No way was he losing out on the opportunity to make serious money with his new investment firm, Carmichael, Jones and Raven. Between the three partners, their experience totaled fifty years. Sam planned to take the industry by storm.
If, along the way, he showed up his ex-wife and father-in-law and the company they’d wrestled away from him during the divorce, all the better. Answering Chelsea’s question about attending the fair, he said, “It isn’t likely, possum.”

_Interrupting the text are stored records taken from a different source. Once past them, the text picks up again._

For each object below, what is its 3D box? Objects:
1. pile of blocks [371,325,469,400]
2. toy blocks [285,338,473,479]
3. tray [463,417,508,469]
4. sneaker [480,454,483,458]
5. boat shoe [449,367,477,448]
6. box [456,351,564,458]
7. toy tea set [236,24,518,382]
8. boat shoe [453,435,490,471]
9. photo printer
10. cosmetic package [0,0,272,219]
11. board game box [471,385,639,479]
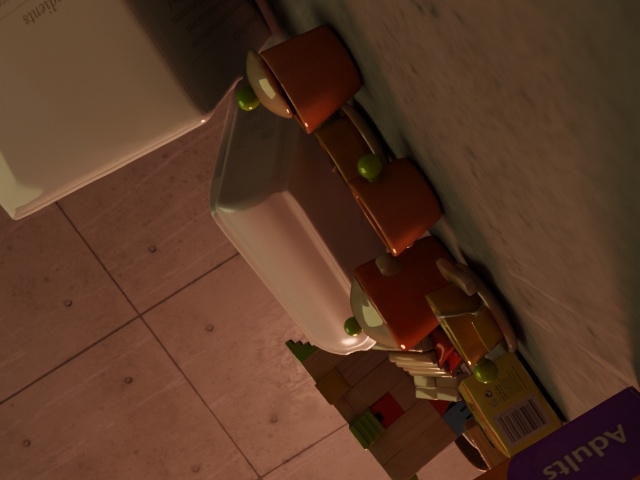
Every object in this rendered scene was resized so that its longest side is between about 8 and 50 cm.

His nickname for his daughter slipped out before thought or caution. For some reason, as a little girl, Chelsea had taken a liking to Dame Edna and had giggled every time possum was used as an endearment.
Sam had called her possum once and she’d rolled on the floor laughing. The name had stuck.
Sometimes at night, he could hear her accessing YouTube on her laptop and watching old shows she must know by heart.
Entranced by the carousel, she didn’t call him to task for the nickname she, these days, called stupid.
“I don’t know what’s going to happen here.”
“If you have your way, there won’t even be a fair.” How could one young girl hold so much bitterness? Had the divorce harmed her beyond repair?
He hoped not, with a fierceness that shocked him.
“You know what? This place looks bad now, but I can see the potential. I can see what Gramps and his father built.”
Chelsea nodded. “Yeah, it must have been really cool years ago.”
“I agree.” Dad must have spent a fair bit of time every summer working here. Then he’d walked away from it all and never looked back.
Sam couldn’t get enough of the place. He could stand here for hours checking it out. Even better, he’d like to walk the land. It might be derelict now, but it must have been magical in its day.